YOUR TASK: State the number of lines below in which the word "Keating" appears. Nothing else belongs in the answer.
+++
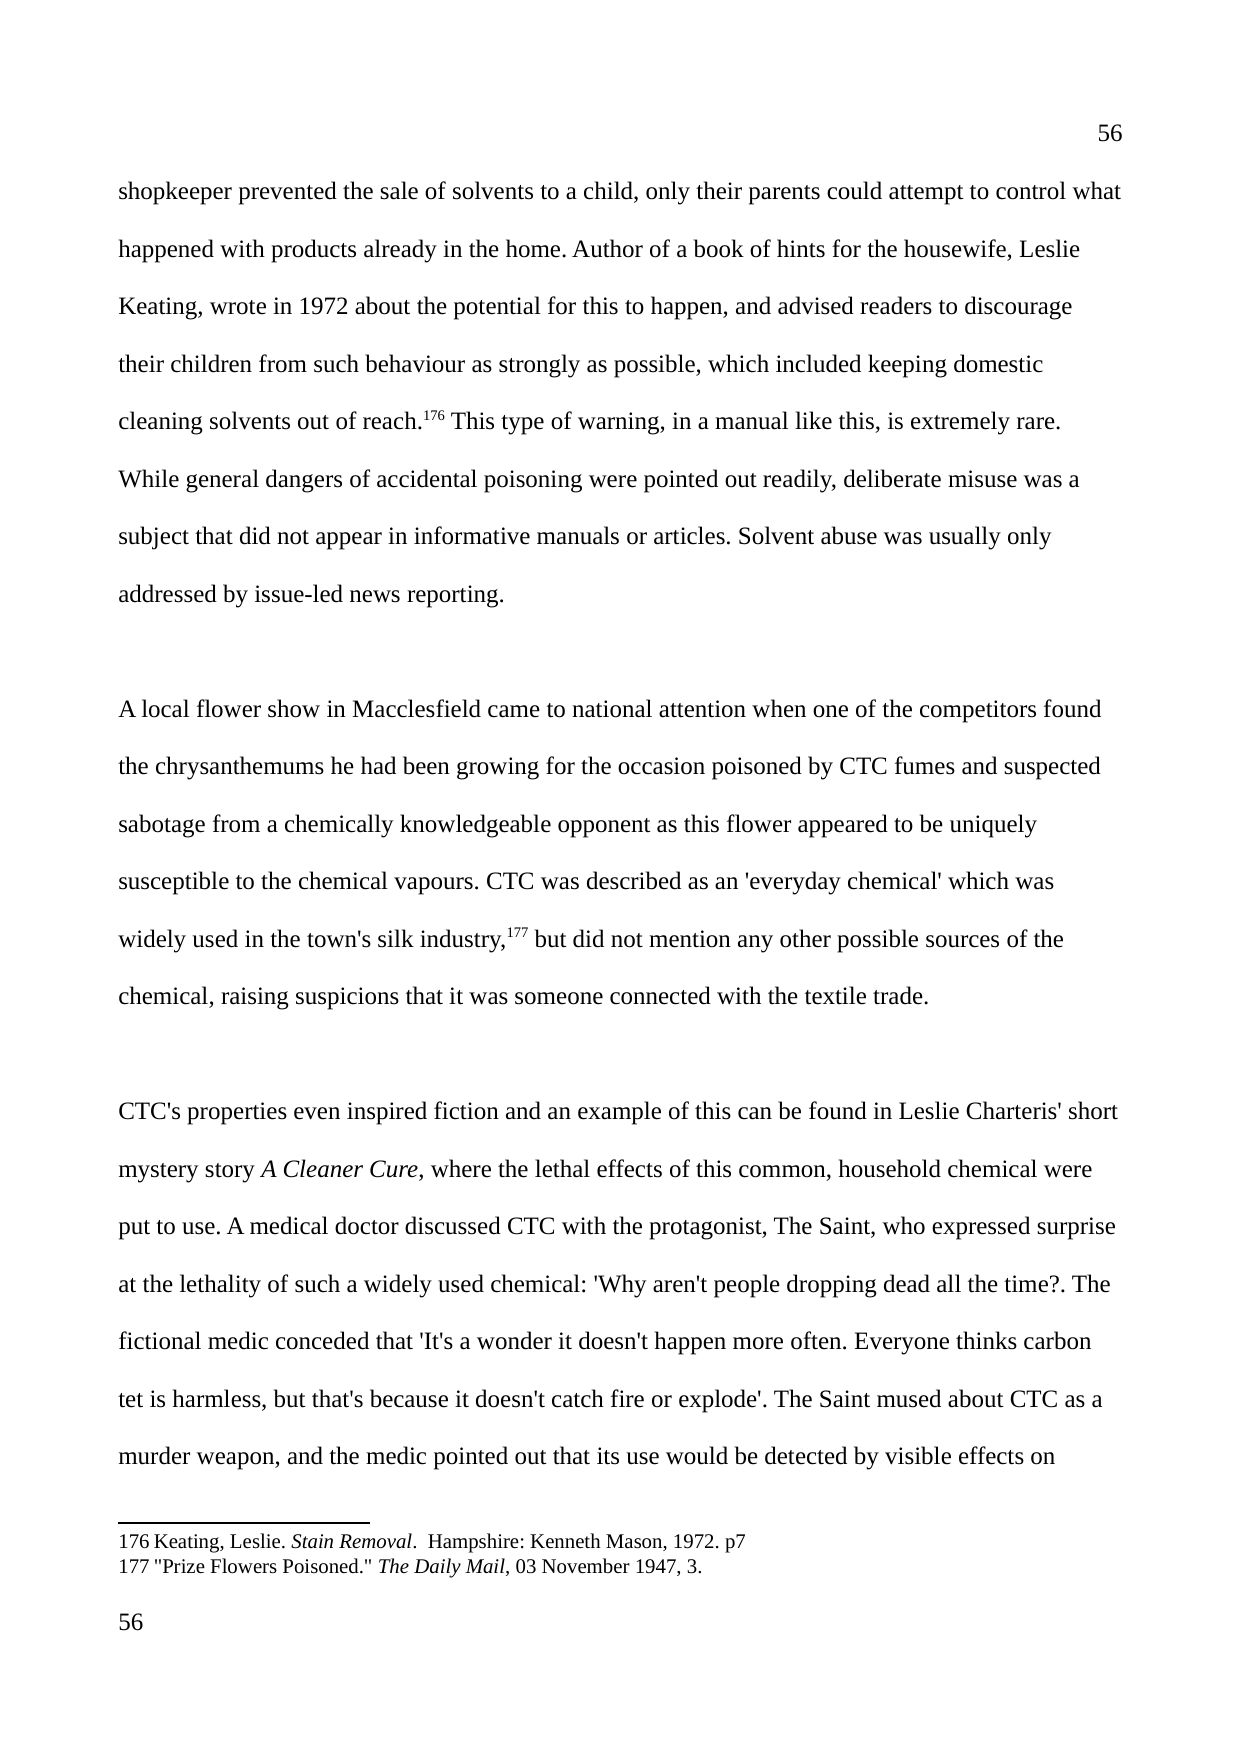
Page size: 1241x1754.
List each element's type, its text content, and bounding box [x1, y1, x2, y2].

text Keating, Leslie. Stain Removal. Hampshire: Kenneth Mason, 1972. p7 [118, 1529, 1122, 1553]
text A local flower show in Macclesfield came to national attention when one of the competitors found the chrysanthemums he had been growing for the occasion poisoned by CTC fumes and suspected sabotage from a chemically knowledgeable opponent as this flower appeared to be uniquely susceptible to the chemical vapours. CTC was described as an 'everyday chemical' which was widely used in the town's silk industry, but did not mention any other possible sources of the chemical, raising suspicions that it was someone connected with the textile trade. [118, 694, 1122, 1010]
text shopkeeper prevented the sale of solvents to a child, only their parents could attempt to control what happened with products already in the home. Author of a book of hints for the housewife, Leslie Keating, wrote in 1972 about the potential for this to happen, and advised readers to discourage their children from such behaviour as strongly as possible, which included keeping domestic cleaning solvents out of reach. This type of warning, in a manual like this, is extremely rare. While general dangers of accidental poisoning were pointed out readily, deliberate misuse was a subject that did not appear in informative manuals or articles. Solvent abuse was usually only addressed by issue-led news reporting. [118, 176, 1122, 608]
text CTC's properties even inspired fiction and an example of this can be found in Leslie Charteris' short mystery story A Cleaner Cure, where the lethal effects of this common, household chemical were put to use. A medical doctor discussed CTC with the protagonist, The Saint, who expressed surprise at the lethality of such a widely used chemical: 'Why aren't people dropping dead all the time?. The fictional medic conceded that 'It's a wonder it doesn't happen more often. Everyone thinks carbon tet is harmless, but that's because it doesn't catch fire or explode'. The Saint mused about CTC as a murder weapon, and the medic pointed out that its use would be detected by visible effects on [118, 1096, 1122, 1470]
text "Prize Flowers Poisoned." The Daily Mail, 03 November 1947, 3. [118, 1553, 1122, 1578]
+++
RESULT OF THE EXERCISE: 2